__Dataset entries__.
****************
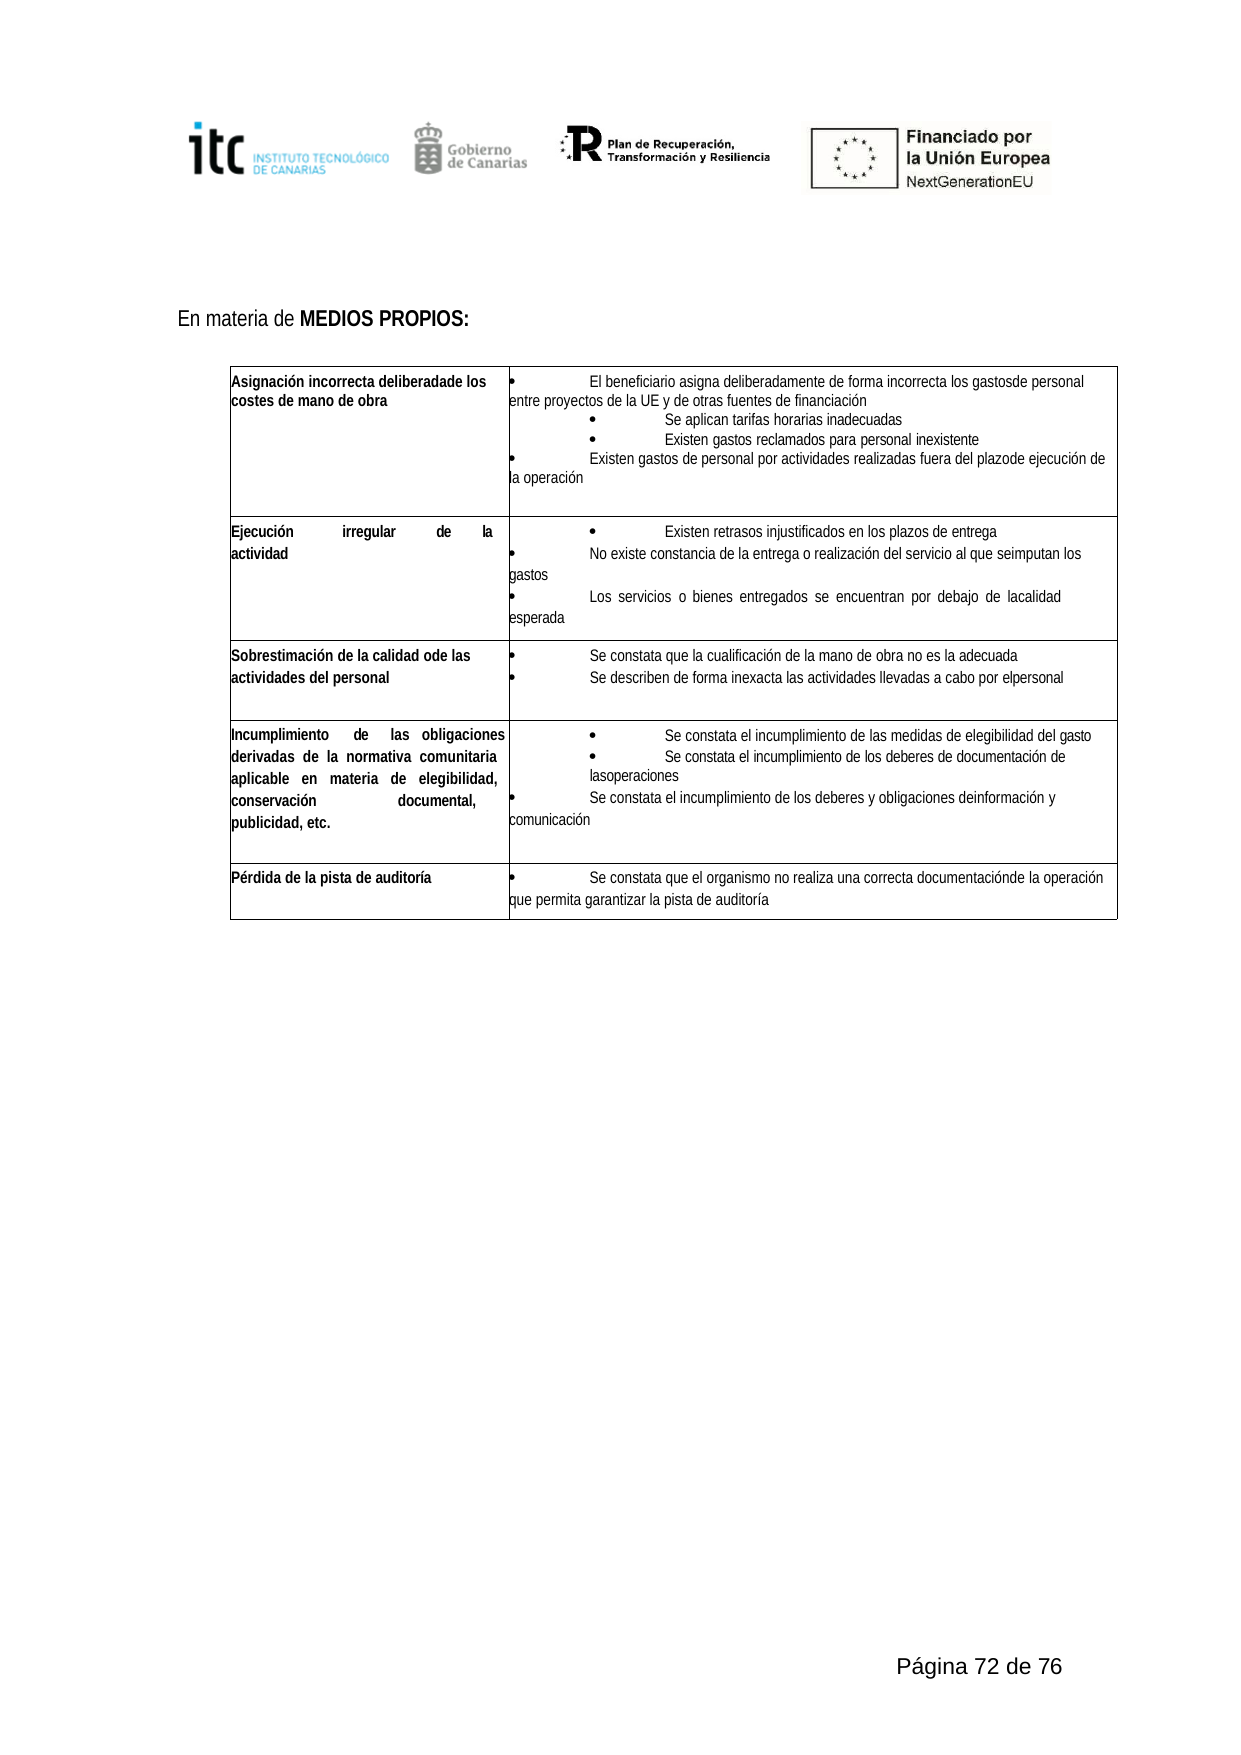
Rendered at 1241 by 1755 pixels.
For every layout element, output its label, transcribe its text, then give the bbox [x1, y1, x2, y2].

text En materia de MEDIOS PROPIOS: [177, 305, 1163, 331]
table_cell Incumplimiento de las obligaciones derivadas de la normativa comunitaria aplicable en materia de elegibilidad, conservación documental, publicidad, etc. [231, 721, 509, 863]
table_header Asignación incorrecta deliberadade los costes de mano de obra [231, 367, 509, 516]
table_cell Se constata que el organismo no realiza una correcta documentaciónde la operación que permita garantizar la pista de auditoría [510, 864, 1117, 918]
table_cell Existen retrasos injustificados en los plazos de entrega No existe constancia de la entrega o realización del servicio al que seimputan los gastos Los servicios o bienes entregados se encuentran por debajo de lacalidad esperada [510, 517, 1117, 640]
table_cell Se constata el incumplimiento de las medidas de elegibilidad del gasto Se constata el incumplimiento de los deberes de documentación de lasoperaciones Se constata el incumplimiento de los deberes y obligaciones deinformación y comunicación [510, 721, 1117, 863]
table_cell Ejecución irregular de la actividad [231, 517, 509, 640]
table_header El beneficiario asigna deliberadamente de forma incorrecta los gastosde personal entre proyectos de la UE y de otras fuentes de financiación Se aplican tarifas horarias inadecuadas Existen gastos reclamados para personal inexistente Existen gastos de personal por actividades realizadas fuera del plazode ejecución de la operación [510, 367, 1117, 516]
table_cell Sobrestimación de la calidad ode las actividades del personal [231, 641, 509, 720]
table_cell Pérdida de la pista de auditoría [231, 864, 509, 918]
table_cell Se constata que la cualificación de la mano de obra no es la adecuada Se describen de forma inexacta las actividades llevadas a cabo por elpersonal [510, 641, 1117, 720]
****************
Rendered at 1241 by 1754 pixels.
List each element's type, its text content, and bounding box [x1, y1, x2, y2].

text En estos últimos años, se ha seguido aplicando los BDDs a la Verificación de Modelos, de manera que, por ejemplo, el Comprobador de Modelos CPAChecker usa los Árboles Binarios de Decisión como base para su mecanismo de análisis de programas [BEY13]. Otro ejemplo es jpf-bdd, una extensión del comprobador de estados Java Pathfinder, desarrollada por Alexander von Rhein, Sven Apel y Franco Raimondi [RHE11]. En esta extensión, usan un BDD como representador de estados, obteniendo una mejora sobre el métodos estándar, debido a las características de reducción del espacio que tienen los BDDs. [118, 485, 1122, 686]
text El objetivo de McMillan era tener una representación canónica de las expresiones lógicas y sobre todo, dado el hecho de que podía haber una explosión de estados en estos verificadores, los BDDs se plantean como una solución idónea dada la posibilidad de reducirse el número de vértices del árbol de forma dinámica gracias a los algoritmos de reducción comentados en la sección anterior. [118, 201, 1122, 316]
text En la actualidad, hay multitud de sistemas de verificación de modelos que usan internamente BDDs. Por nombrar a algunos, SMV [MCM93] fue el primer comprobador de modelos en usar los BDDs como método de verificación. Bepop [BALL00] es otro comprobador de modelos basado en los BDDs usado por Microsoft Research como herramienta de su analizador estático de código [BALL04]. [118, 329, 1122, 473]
****************
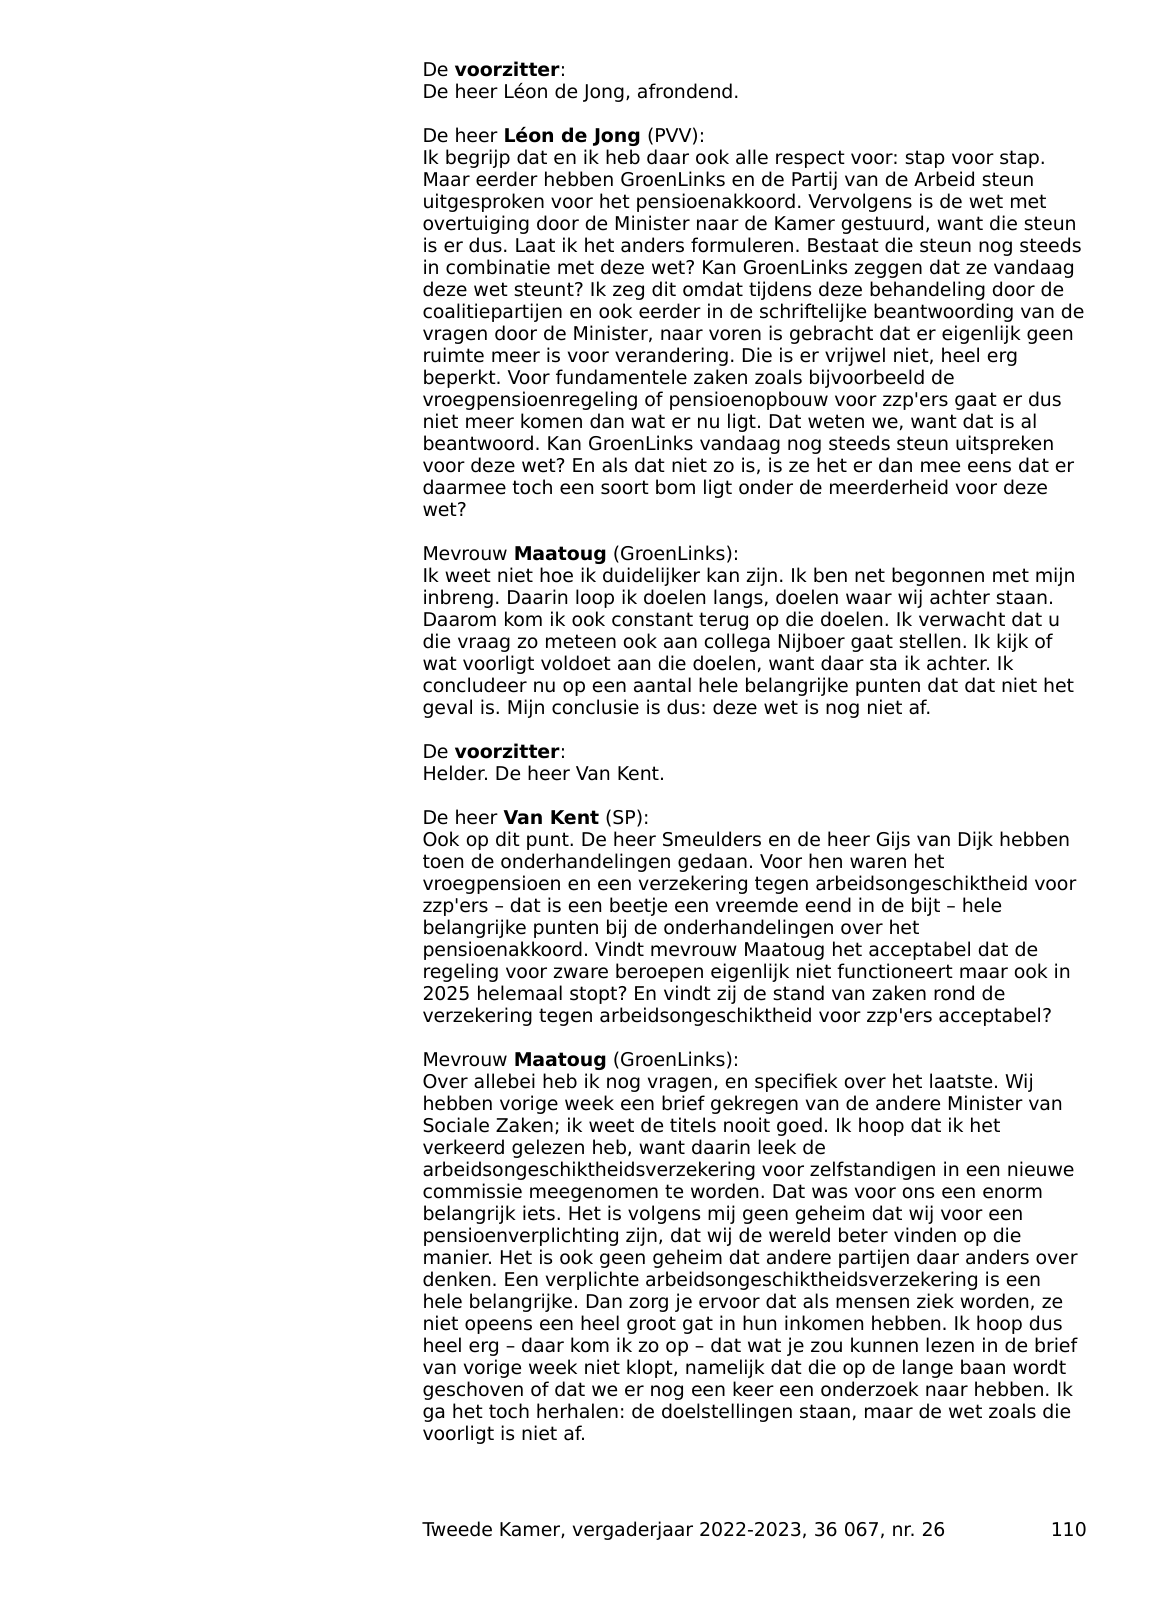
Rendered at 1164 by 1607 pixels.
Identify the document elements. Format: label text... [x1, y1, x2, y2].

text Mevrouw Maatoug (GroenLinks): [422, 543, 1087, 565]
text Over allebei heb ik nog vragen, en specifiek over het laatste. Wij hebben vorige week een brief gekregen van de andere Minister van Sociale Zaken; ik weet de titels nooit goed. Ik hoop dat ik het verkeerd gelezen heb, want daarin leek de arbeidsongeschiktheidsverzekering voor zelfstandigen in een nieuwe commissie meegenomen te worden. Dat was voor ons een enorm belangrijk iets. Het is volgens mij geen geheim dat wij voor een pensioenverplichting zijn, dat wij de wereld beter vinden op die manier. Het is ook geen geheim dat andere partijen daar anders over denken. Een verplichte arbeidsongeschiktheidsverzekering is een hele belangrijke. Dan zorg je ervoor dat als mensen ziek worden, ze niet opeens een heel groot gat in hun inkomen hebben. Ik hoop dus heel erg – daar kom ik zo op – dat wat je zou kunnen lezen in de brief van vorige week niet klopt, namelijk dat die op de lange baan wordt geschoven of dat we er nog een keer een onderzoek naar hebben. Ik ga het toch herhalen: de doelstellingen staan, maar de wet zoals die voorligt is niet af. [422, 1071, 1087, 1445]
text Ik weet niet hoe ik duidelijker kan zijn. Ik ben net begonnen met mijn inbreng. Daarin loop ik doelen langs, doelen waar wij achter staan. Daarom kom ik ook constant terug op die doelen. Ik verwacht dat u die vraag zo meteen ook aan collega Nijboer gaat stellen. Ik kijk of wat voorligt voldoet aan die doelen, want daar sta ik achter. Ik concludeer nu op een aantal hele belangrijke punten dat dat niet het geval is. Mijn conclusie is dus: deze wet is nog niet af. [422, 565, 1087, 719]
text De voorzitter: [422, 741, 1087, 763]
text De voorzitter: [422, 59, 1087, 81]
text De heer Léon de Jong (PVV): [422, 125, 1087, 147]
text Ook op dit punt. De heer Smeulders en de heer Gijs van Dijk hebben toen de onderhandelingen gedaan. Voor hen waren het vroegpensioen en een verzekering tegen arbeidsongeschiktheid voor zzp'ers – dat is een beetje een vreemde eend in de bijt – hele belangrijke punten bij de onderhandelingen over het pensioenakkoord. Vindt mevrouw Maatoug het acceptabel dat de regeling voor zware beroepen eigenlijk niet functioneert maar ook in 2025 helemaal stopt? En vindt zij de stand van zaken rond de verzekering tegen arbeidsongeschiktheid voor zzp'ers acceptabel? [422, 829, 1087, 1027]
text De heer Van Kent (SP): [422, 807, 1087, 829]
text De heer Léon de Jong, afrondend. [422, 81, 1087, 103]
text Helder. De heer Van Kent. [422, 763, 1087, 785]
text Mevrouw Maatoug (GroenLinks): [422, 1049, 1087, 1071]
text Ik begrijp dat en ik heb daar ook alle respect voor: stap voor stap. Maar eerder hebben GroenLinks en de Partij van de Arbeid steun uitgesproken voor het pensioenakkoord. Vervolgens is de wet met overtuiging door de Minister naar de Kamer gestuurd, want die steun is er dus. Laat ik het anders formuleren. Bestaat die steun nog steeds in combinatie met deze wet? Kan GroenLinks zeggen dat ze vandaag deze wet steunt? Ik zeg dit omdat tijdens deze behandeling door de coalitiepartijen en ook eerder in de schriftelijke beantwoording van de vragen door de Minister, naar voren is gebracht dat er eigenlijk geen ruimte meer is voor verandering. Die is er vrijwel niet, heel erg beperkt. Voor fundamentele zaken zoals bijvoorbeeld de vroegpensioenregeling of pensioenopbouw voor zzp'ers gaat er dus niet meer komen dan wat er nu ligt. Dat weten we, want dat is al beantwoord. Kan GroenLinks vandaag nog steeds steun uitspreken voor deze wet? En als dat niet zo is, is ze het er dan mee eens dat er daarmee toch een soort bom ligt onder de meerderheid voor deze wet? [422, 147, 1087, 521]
****************
__WORK INSTRUCTIONS__. Look above for the line with "table_cell Se constata que el" and the line with "table_cell Se constata que la"; transcribe both and all lines in between, exactly, and nothing else.

__RESPONSE BELOW__.
table_cell Se constata que el organismo no realiza una correcta documentaciónde la operación que permita garantizar la pista de auditoría [510, 864, 1117, 918]
table_cell Existen retrasos injustificados en los plazos de entrega No existe constancia de la entrega o realización del servicio al que seimputan los gastos Los servicios o bienes entregados se encuentran por debajo de lacalidad esperada [510, 517, 1117, 640]
table_cell Se constata el incumplimiento de las medidas de elegibilidad del gasto Se constata el incumplimiento de los deberes de documentación de lasoperaciones Se constata el incumplimiento de los deberes y obligaciones deinformación y comunicación [510, 721, 1117, 863]
table_cell Ejecución irregular de la actividad [231, 517, 509, 640]
table_header El beneficiario asigna deliberadamente de forma incorrecta los gastosde personal entre proyectos de la UE y de otras fuentes de financiación Se aplican tarifas horarias inadecuadas Existen gastos reclamados para personal inexistente Existen gastos de personal por actividades realizadas fuera del plazode ejecución de la operación [510, 367, 1117, 516]
table_cell Sobrestimación de la calidad ode las actividades del personal [231, 641, 509, 720]
table_cell Pérdida de la pista de auditoría [231, 864, 509, 918]
table_cell Se constata que la cualificación de la mano de obra no es la adecuada Se describen de forma inexacta las actividades llevadas a cabo por elpersonal [510, 641, 1117, 720]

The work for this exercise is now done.